I've been feeling lonely again.Sometimes i feel like crying so loud .
I'm having emotion breakdown.
Seems like no one would understand me.
People might say they do,but i think no.
Because i don't know what i'm going through right now.
Days after days,a lot of things is playing in my head.
I'm thinking too much now a days.
My heart is not at ease.
I should start to pray again.
Since i skipped praying,i've been getting this feelings.
I may look whinny and all.
But it hurts actually hearing that
Just that i kept quite and act like it is all jokes.
Jokes are funny but it actually hurt someone feelings.

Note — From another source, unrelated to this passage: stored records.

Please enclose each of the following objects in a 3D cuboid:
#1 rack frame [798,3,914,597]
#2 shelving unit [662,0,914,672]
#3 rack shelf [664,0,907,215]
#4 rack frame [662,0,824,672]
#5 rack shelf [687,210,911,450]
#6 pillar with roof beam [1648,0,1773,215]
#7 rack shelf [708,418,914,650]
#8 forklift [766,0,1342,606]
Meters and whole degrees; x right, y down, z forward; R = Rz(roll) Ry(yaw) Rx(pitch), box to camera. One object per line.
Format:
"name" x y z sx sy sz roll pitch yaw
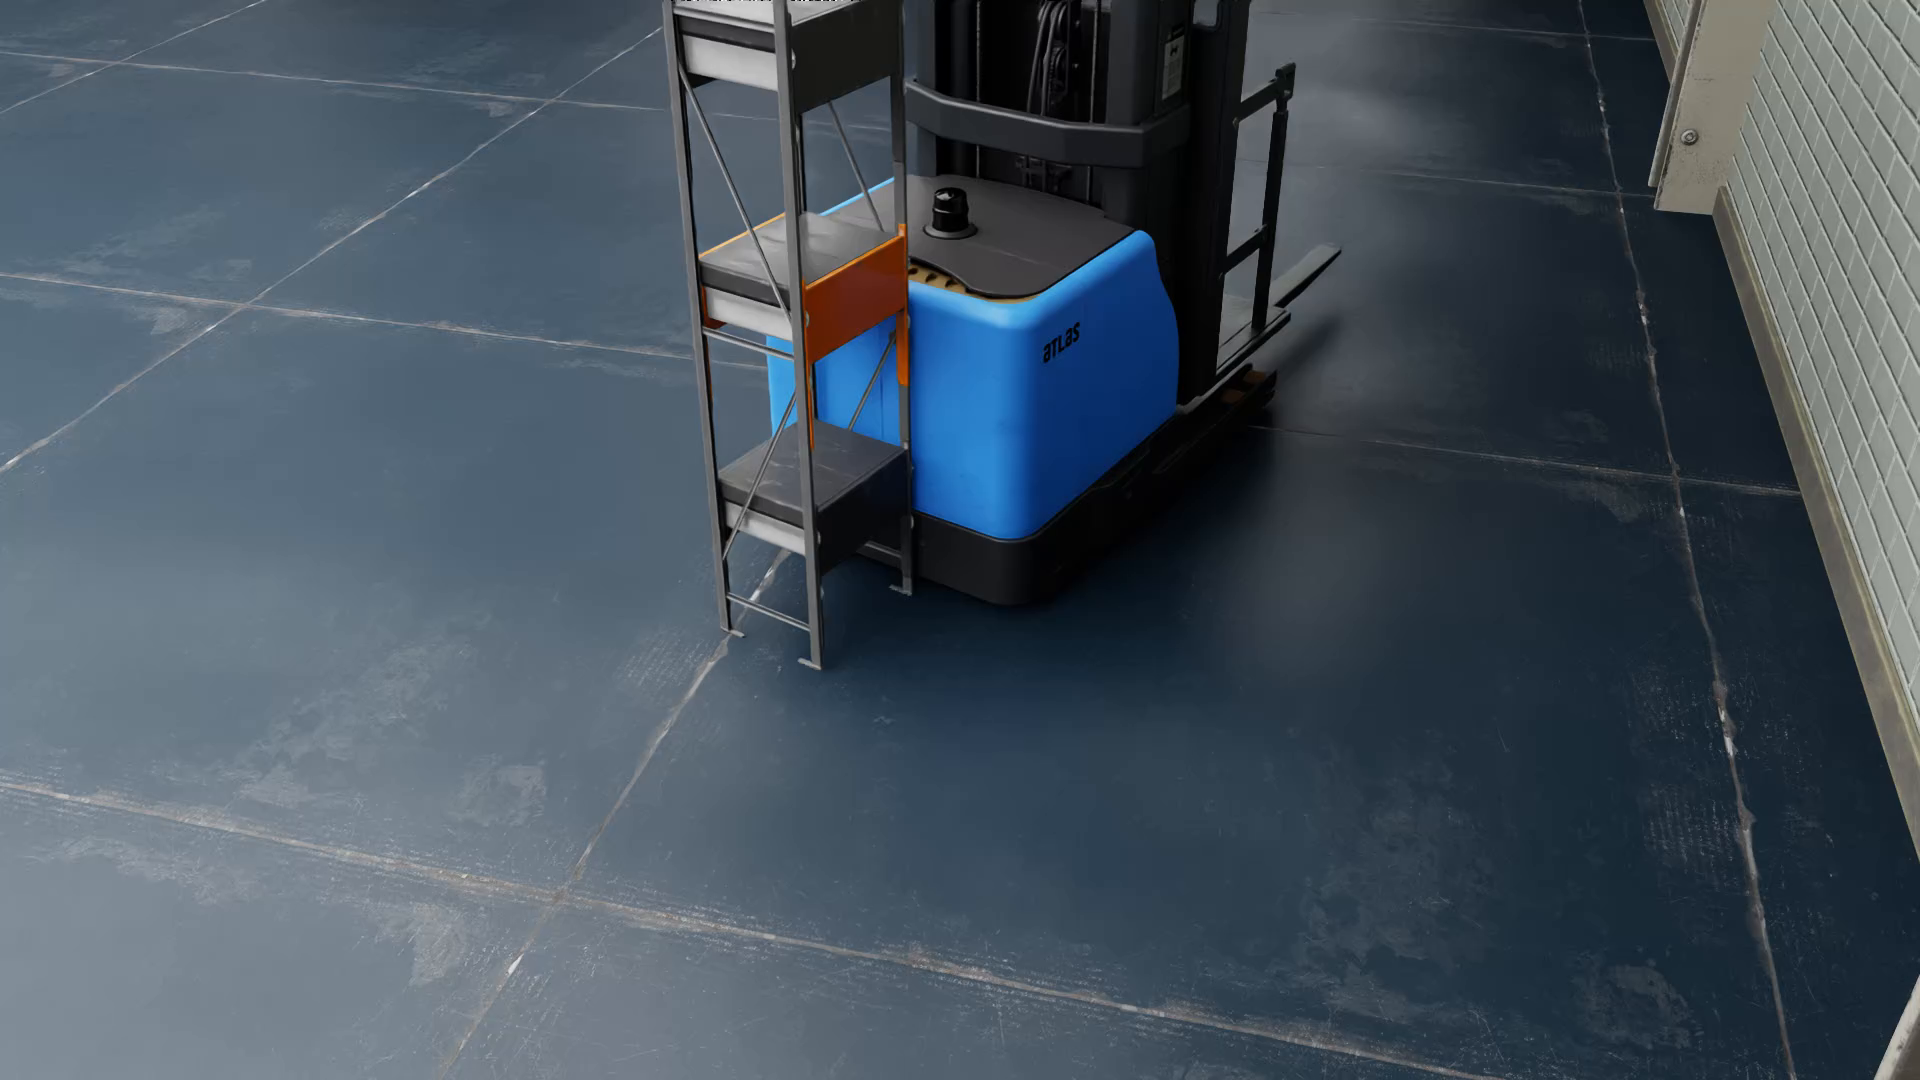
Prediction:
"rack frame" -0.321 -0.760 4.989 0.400 2.100 0.015 19 37 28
"shelving unit" -0.456 -0.651 4.817 0.431 2.100 0.503 19 37 28
"rack shelf" -0.456 -1.230 4.449 0.431 0.518 0.480 19 37 28
"rack frame" -0.590 -0.542 4.645 0.400 2.100 0.015 19 37 28
"rack shelf" -0.456 -0.639 4.824 0.431 0.518 0.480 19 37 28
"pillar with roof beam" -0.471 -6.127 7.000 9.100 9.000 0.400 8 33 12
"rack shelf" -0.456 -0.049 5.200 0.431 0.518 0.480 19 37 28
"forklift" 0.585 -1.777 5.814 1.130 2.935 3.031 19 37 28

I'm not supportive or anything but think about my feelings too okay.
No,i don't have anyone to talk to.
If i do have,they will just think i'm stupid.
Because i'm thinking about things that i shouldn't think at all.
But thats my point.
I'm thinking too much.
Yes,i'm running to blog instead.
Friends don't last forever right.
Sometimes u feel that they are the world to u.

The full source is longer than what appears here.